Bridging Sources and Actions-Role of PXR in the Midbrain VTA
PXR is Expressed in the Brain and may have Hormone-Relevant Actions
A recent focus has been on characterizing the role of a promiscuous nuclear receptor, PXR, involved in cholesterol metabolism and expressed in the VTA, as a target for allopregnanolone and how this relates to both actions and production of allopregnanolone. PXR has well-known metabolic and clearance actions in the traditional organs for metabolism and excretion, such as the liver, kidneys, intestines, and the blood-brain barrier (Geick et al., 2001; Dussault and Forman, 2002; Kliewer et al., 2002; Francis et al., 2003; Bauer et al., 2004, 2006; Xu et al., 2005; Harmsen et al., 2007; Ma et al., 2008; Zhang et al., 2008; Ott et al., 2009). It is considered a promiscuous nuclear receptor with a long list of molecules that it positively modulates (including several steroids, and allopregnanolone) and much fewer molecules that are negatively modulated. Although early work on understanding the role of PXR outside of the liver and other excretory organs in the body was focused on the blood-brain-barrier, several laboratories, including our own, have demonstrated its expression in the brain proper (e.g., in rodents, rabbits, pigs, and humans; Bauer et al., 2004; Lamba et al., 2004; Marini et al., 2007; Mellon et al., 2008; Frye, 2011).

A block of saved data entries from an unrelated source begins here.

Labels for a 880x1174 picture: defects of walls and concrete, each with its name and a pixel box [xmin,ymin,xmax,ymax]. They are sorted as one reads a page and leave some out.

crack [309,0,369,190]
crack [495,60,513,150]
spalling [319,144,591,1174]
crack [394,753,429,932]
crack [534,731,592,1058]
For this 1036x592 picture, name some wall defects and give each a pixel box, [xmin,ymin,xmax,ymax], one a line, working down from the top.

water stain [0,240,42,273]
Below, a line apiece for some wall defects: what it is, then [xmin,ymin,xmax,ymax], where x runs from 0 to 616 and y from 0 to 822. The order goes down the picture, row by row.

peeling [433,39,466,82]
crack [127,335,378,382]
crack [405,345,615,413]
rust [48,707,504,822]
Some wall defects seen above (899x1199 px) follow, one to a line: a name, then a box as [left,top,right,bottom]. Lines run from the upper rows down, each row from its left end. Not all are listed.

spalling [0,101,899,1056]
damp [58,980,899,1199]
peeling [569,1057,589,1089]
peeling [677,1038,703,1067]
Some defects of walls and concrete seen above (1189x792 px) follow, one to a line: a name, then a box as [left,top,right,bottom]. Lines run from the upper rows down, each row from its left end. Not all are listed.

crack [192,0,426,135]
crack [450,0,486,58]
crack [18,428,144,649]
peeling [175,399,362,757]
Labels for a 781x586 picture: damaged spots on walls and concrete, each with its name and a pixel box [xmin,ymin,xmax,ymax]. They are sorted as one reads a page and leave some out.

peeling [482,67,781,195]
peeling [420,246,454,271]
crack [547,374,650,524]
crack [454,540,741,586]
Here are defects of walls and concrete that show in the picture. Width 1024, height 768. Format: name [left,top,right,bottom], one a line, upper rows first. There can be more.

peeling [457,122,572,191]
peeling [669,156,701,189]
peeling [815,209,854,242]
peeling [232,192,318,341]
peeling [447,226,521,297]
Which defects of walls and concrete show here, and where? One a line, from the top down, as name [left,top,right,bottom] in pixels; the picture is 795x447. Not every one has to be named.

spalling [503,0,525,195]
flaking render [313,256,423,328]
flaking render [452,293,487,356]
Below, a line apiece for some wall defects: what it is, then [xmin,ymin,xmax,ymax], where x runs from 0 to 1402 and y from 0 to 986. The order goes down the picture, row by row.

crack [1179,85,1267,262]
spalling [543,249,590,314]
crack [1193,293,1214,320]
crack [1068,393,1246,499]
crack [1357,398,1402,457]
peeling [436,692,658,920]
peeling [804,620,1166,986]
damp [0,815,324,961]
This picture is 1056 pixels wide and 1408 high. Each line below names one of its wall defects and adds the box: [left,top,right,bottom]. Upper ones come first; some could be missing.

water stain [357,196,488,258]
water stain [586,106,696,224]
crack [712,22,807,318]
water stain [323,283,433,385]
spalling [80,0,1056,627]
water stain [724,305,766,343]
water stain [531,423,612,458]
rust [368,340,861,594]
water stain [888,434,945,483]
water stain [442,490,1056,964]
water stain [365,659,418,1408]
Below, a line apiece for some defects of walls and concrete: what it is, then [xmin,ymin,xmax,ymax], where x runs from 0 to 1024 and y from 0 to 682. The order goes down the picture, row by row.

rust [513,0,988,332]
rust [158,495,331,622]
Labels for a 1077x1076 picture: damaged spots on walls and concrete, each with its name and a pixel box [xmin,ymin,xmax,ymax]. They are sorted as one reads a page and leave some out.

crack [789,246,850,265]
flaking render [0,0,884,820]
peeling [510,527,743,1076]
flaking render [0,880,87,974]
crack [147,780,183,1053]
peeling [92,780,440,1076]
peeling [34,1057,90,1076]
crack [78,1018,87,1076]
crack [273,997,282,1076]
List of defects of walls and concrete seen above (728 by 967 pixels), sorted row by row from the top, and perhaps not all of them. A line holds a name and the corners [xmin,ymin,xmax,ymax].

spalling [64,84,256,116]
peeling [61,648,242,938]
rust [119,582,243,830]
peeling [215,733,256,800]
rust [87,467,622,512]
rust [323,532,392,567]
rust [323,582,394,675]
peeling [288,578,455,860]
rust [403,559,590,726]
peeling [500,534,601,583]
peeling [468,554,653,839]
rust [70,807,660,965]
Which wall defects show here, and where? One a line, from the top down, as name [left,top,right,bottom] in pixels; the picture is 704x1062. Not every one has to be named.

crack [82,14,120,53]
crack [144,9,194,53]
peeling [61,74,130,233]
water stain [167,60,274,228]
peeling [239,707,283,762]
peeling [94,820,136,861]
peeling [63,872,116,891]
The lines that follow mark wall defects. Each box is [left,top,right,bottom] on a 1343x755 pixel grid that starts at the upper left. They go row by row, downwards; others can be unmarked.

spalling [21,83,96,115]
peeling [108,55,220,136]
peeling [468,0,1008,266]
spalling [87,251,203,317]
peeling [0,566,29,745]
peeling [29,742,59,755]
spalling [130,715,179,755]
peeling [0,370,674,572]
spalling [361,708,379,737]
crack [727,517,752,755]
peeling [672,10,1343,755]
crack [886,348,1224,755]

In considering its role for metabolism and xenobiotic (including steroid) clearance in the liver, we sought to determine PXR’s functional effects related to allopregnanolone production and/or action. PXR protein and mRNA was expressed in the midbrain of proestrous rats, with higher expression (determined by western blots) in female rats in proestrous versus those in diestrous or male rats (Frye et al., 2012, 2013b), suggesting a possible role of ovarian steroids (estradiol, progesterone) and/or pregnane neurosteroids. These studies were correlational in nature and demonstrated a relationship between hormonal milieu and sex differences for expression of PXR.
Manipulations of PXR in the Midbrain for Mating
Next, studies investigated manipulations of PXR in the midbrain for functional effects, including lordosis. Positive modulators of PXR, such as allopregnanolone, other pregnane steroids (3β,5α-THP, 3α,5β-THP), and RU486, when infused to the VTA, enhanced lordosis of OVX, estradiol-primed rats (Frye, 2011). However, these findings are tempered by the known promiscuity of PXR. Follow-up studies utilized a pharmacogenetic tool (antisense oligodeoxynucleotides, AS-ODNS) to reduce expression of PXR in the midbrain VTA to further understand functional outcomes (Frye, 2011; Frye et al., 2012, 2013a, 2014a,b). Investigations of the role of PXR, by using this PXR knockdown approach, for mating-induced neurosteroidogenesis and functional effects are ongoing, and some key findings are described as follows.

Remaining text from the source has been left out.